Error creating new authz :: Policy forbids issuing for name - on Linode droplet


#1

I’m trying to get a cert for li505-108.members.linode.com
also www.li505-108.members.linode.com and ftp.li505-108.members.linode.com if possible

My domain is: li505-108.members.linode.com

I ran this command: sudo -H ./letsencrypt-auto certonly --standalone -d li505-108.members.linode.com

It produced this output: Saving debug log to /var/log/letsencrypt/letsencrypt.log
Plugins selected: Authenticator standalone, Installer None
Obtaining a new certificate
An unexpected error occurred:
Error creating new authz :: Policy forbids issuing for name
Please see the logfiles in /var/log/letsencrypt for more details.

My web server is (include version): Linode droplet

The operating system my web server runs on is (include version): CentOs7

My hosting provider, if applicable, is: Linode

I can login to a root shell on my machine (yes or no, or I don’t know): yes

I’m using a control panel to manage my site (no, or provide the name and version of the control panel): I have Plesk Onyx installed, but can’t use the LetsEncrypt module to do this because of policy restrictions.
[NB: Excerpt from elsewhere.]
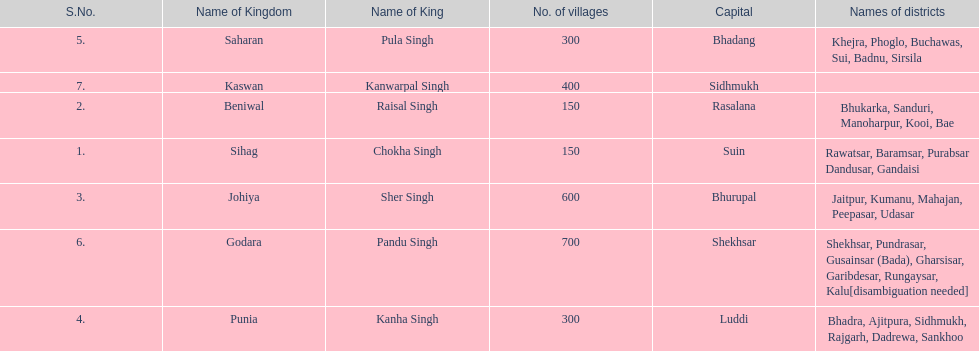How many kingdoms are listed? 7.

Linode support suggested I could use LetsEncrypt directly.


#2

Most likely is that you can’t issue certs for “linode.com”.
Try using an FQDN from a domain you actually own.


#3

It seems Linode is blocked by Let’s Encrypt itself.

See: Linode policy forbids issuing for name

Unfortunately, @cpu doesn’t mention WHY this policy is in place. Obviously, Let’s Encrypt has all the right to not tell us, but I’m interested why it is blocked. Is it possible for domain name owners to ask for this blockade? Is it something Let’s Encrypt did on its own? There are no CAA records responsible for this blockade…


#4

Hi,

The linode.com is being blocked for issuing certificates for ips.
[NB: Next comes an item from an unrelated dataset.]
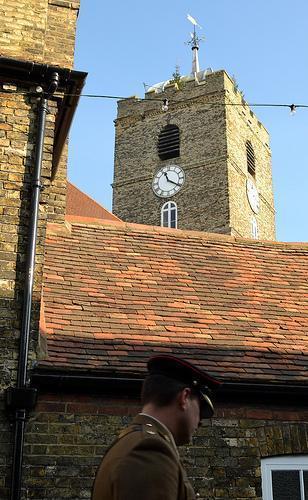How many men are there?
Give a very brief answer. 1.

Please use your own domain name instead to obtain a free certificate.

Thank you


#5

Either of these is possible separately from CAA (since Let’s Encrypt also maintains its own list of “high-risk domain names”). When either of these has happened, the domain owner will then have to contact Let’s Encrypt’s security address to have the block removed (and in either case, it wouldn’t be removed or modified without the domain owner’s request).


#6

This topic was automatically closed 30 days after the last reply. New replies are no longer allowed.